● REQUIRED ACTION
Where a line holds the word "through", count it, then give only the total for the entries below.

● DATA EXTRACT
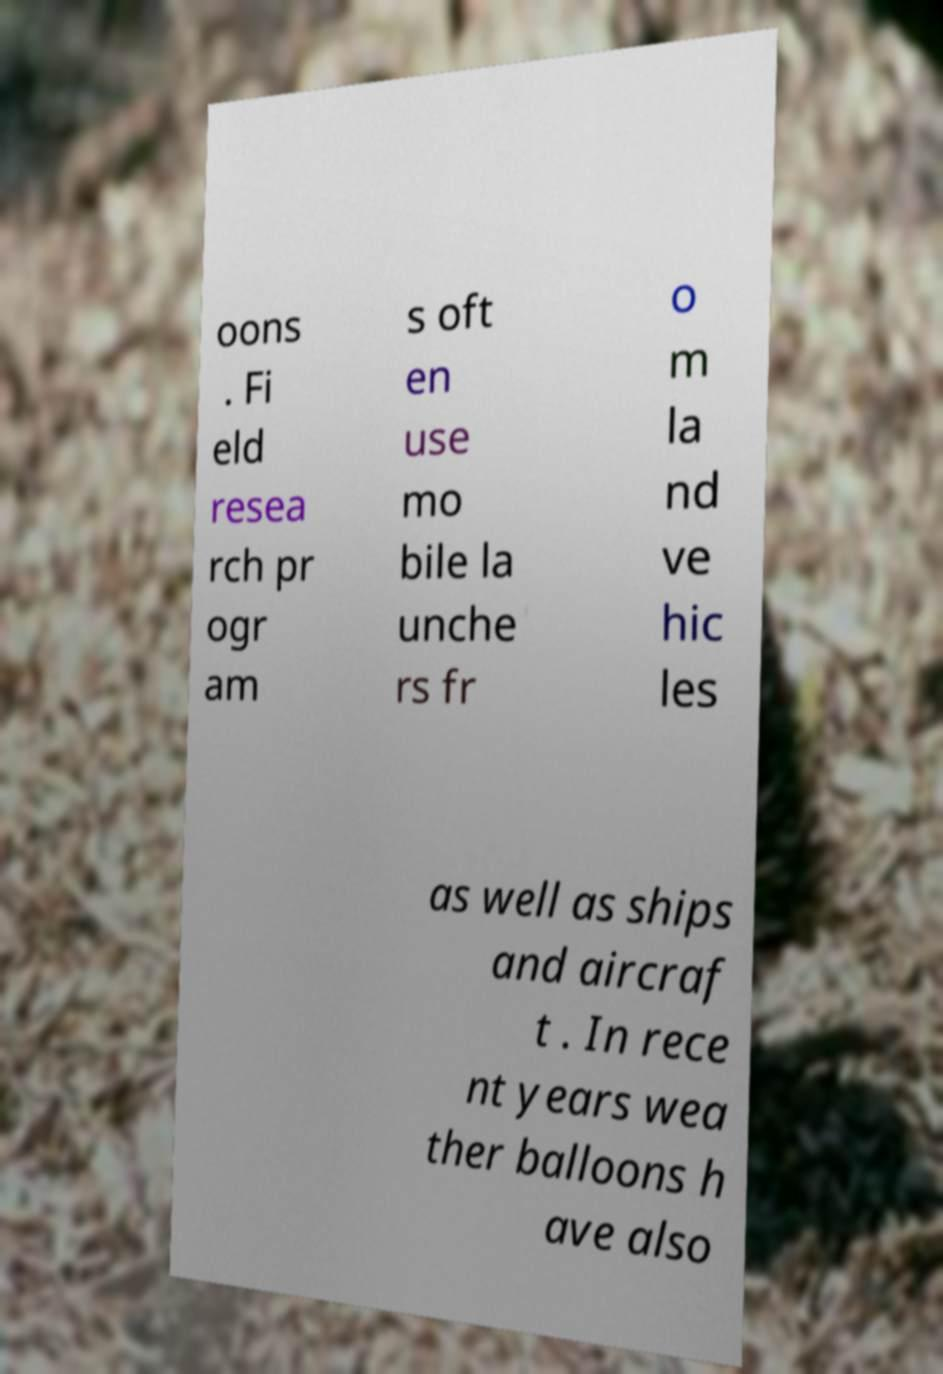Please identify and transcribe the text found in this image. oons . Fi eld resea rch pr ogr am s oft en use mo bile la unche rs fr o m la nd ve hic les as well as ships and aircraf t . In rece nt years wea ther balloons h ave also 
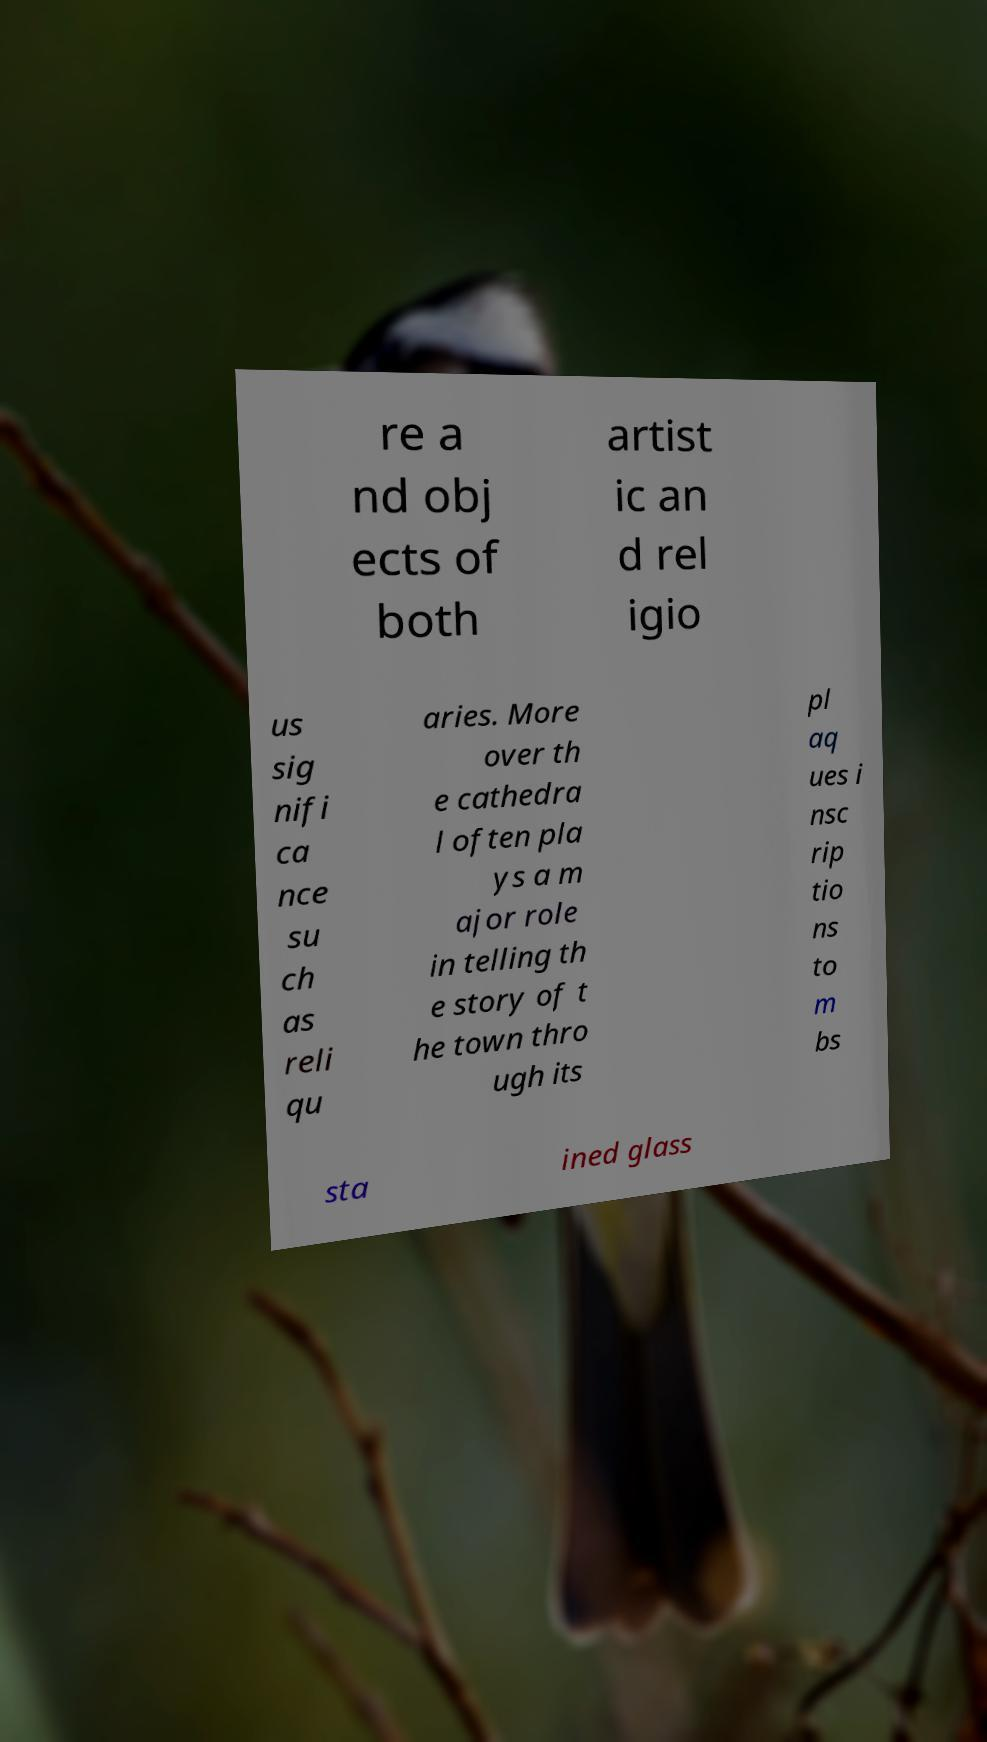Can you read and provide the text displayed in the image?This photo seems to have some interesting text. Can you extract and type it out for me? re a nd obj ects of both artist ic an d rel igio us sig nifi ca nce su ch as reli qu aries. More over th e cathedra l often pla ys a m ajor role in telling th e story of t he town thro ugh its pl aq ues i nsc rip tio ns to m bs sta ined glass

--

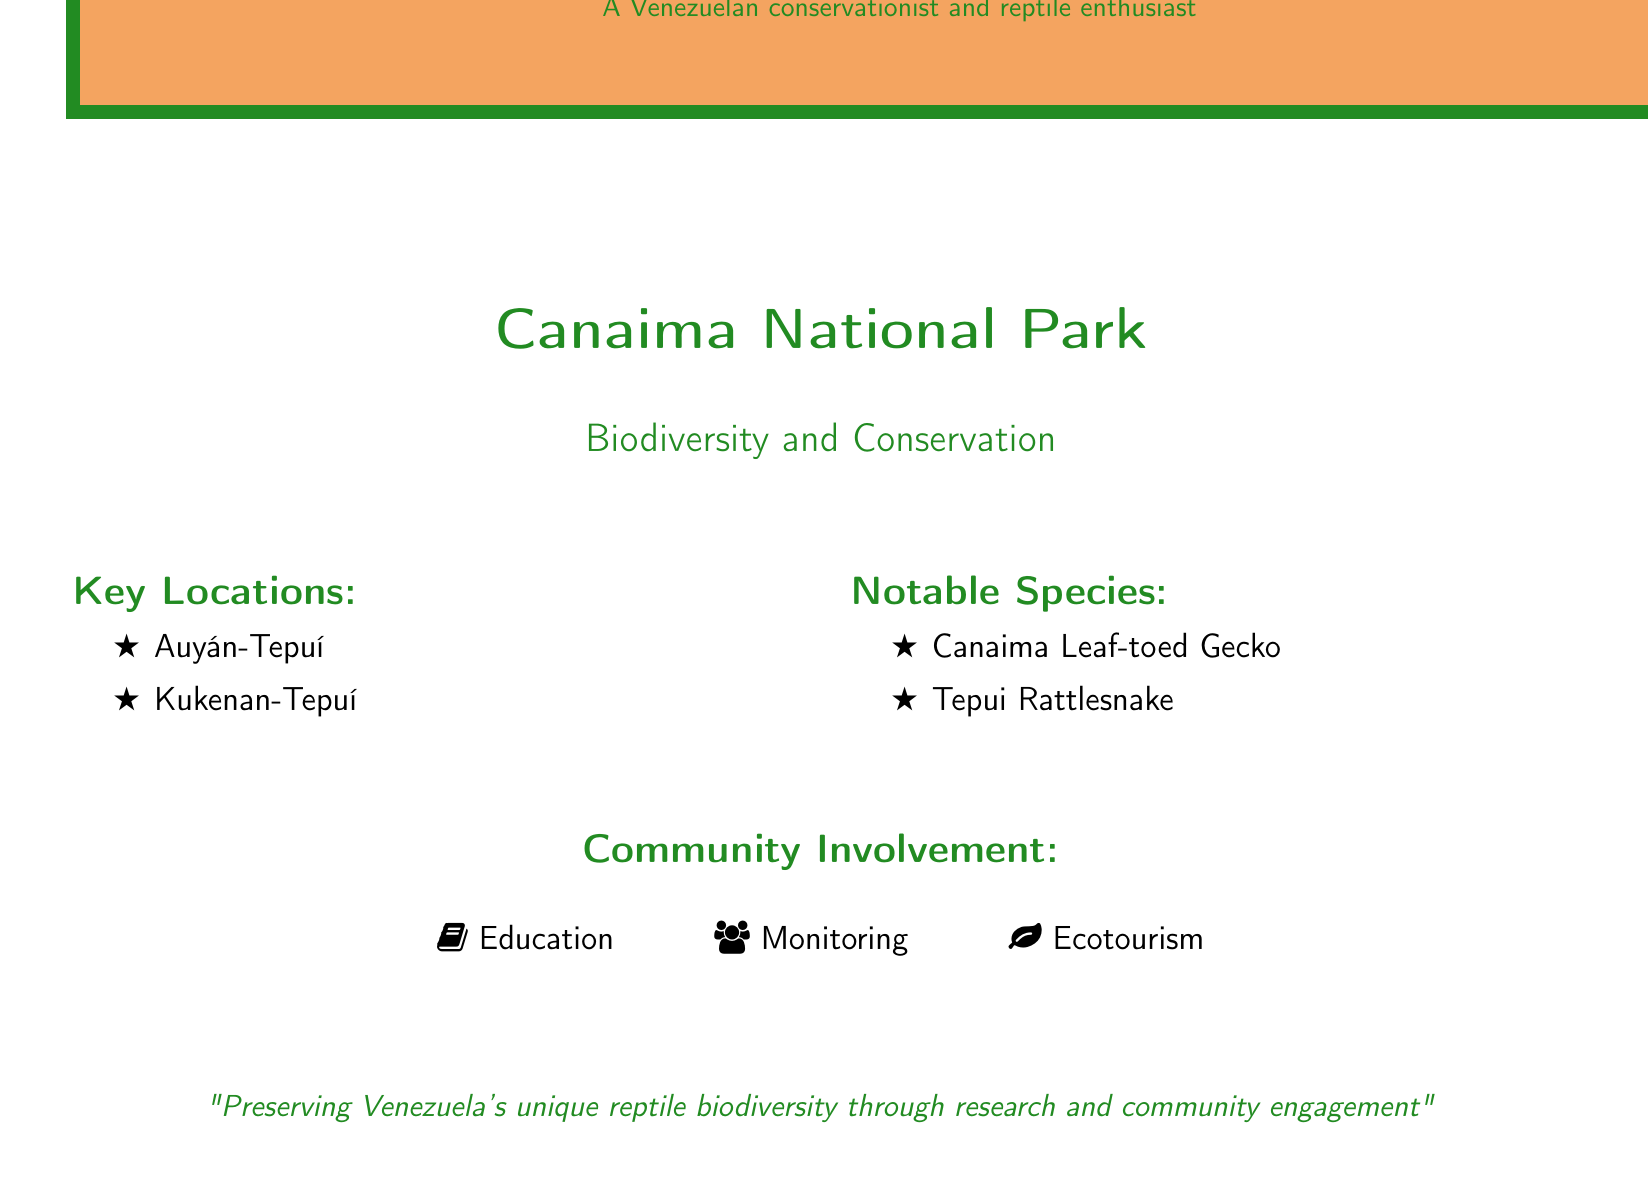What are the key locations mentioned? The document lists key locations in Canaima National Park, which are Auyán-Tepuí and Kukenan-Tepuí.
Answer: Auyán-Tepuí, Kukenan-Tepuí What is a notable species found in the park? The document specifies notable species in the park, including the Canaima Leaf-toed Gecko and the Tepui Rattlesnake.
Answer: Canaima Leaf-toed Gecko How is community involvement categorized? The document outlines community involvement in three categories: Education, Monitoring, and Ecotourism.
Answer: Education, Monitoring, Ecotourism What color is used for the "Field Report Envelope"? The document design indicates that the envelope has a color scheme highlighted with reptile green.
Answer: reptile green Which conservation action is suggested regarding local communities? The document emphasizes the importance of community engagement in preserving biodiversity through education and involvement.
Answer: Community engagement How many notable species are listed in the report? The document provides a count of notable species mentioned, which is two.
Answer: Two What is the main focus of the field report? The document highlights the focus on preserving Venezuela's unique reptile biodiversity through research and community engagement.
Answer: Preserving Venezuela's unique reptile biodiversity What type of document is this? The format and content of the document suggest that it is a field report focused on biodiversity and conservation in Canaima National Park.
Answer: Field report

● SOLUTION TO THE PROBLEM
2